> _Task brief_
Could you repeat exactly the lines from the one containing "assert captured.err == ''" through the last line of the records, with no pictures?

> _The data_
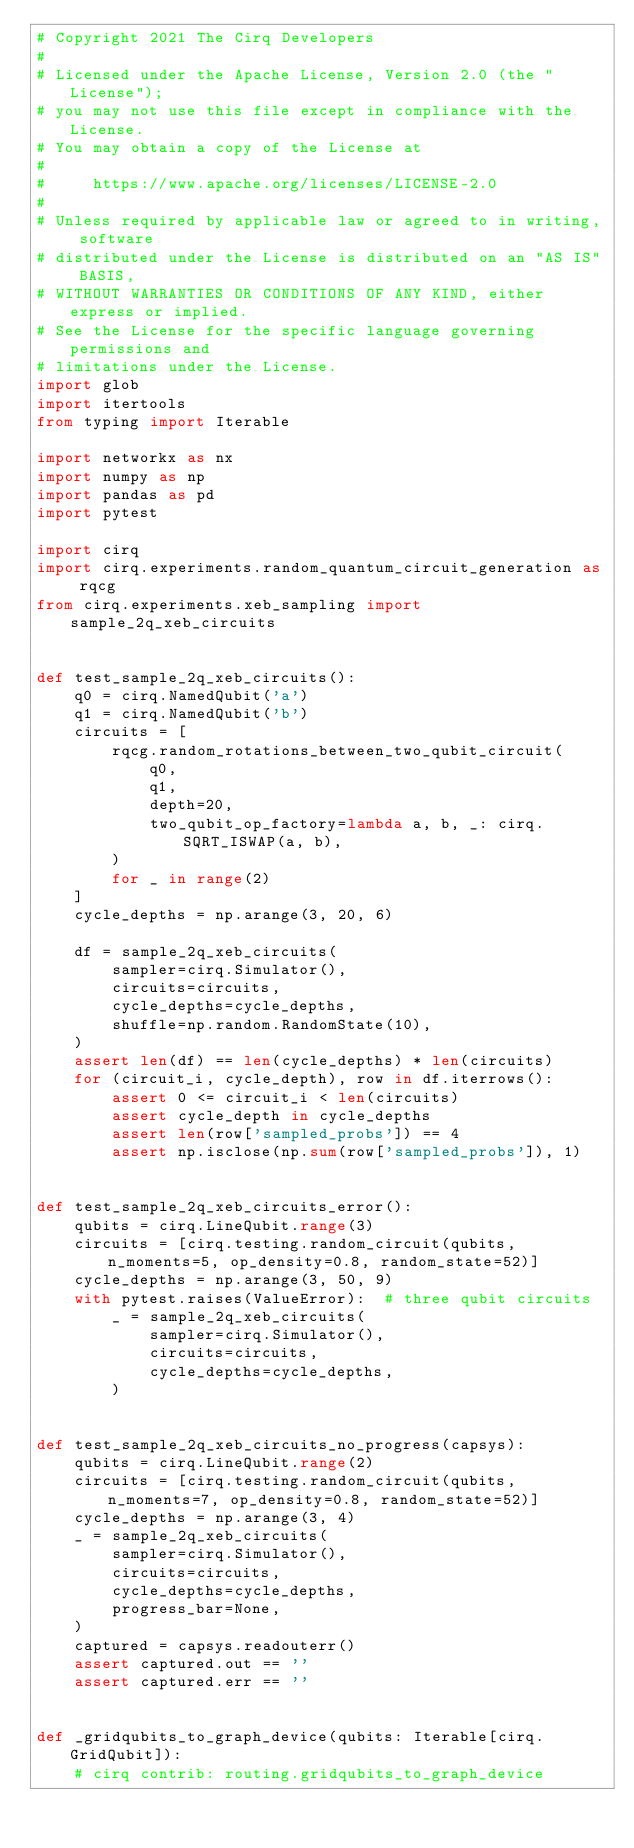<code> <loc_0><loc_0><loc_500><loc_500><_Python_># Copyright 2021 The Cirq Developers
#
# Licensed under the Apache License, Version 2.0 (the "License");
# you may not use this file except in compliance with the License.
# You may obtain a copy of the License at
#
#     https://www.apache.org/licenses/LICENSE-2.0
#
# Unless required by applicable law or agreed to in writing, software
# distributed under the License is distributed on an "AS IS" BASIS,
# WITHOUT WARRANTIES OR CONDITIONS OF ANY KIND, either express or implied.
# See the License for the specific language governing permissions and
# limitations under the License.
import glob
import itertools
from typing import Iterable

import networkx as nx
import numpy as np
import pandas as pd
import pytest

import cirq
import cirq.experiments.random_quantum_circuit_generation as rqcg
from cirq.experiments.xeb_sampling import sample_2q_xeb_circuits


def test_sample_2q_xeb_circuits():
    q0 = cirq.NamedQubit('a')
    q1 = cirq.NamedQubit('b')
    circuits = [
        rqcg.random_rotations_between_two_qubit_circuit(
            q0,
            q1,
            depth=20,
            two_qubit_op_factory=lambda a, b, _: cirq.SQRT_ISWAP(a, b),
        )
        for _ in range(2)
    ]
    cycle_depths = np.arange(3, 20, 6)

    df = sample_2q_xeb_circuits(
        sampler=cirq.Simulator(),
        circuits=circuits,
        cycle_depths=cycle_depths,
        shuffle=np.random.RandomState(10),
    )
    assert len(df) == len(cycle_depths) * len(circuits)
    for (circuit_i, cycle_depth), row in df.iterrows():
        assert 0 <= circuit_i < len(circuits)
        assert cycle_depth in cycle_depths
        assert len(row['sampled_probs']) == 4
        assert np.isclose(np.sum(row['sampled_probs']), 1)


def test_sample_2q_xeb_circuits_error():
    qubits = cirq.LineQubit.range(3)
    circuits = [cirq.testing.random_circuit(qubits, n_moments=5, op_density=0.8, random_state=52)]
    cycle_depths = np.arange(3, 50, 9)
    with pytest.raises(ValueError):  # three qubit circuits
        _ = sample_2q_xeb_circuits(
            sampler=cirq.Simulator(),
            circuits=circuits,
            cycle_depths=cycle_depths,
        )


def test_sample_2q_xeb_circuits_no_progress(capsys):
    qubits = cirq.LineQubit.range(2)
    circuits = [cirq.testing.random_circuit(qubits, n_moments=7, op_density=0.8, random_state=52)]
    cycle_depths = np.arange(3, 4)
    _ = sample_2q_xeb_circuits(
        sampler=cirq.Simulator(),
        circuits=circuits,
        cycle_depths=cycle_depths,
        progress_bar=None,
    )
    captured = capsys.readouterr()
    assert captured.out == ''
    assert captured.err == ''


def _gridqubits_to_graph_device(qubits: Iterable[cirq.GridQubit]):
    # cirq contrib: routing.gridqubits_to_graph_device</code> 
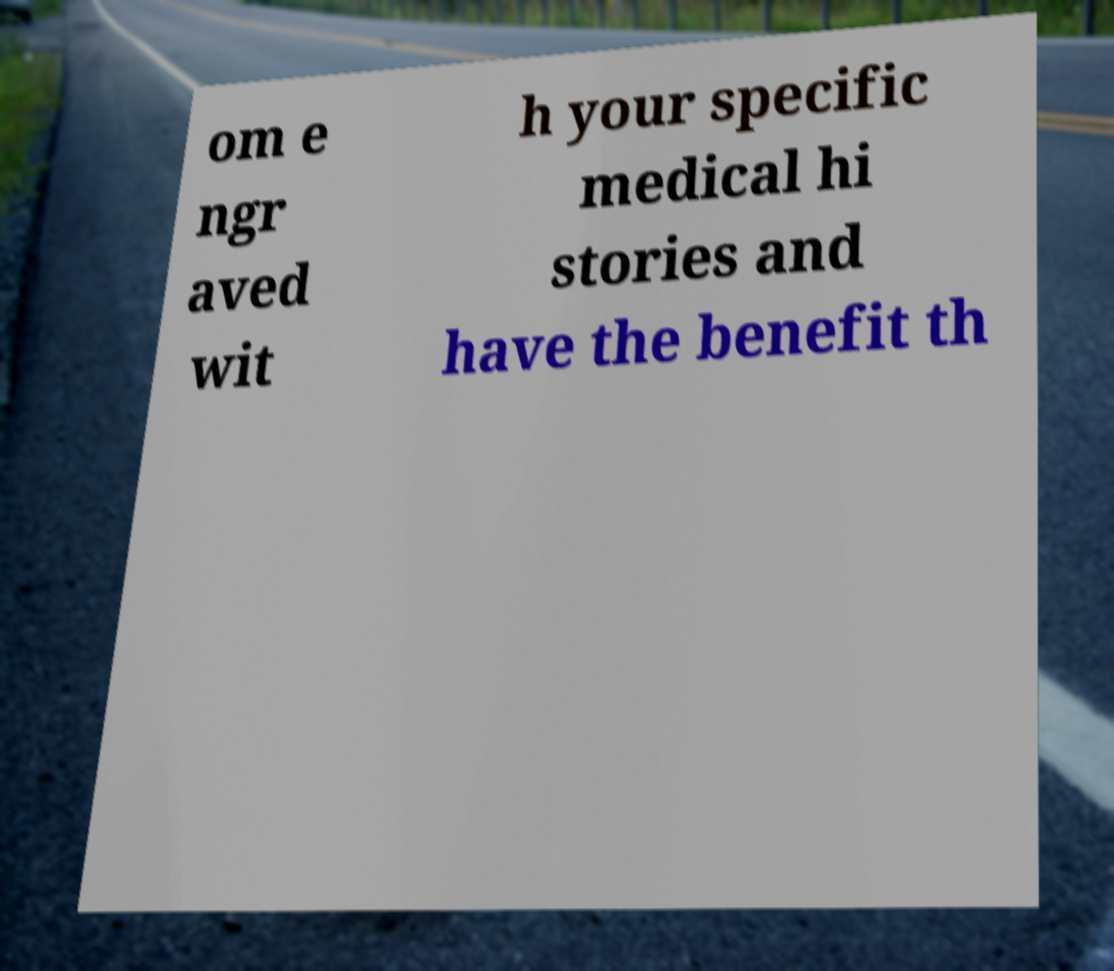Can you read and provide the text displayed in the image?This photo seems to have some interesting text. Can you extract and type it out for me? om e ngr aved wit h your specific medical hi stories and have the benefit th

> _Your response_
    assert captured.err == ''


def _gridqubits_to_graph_device(qubits: Iterable[cirq.GridQubit]):
    # cirq contrib: routing.gridqubits_to_graph_device</code> 
Can you read and provide the text displayed in the image?This photo seems to have some interesting text. Can you extract and type it out for me? om e ngr aved wit h your specific medical hi stories and have the benefit th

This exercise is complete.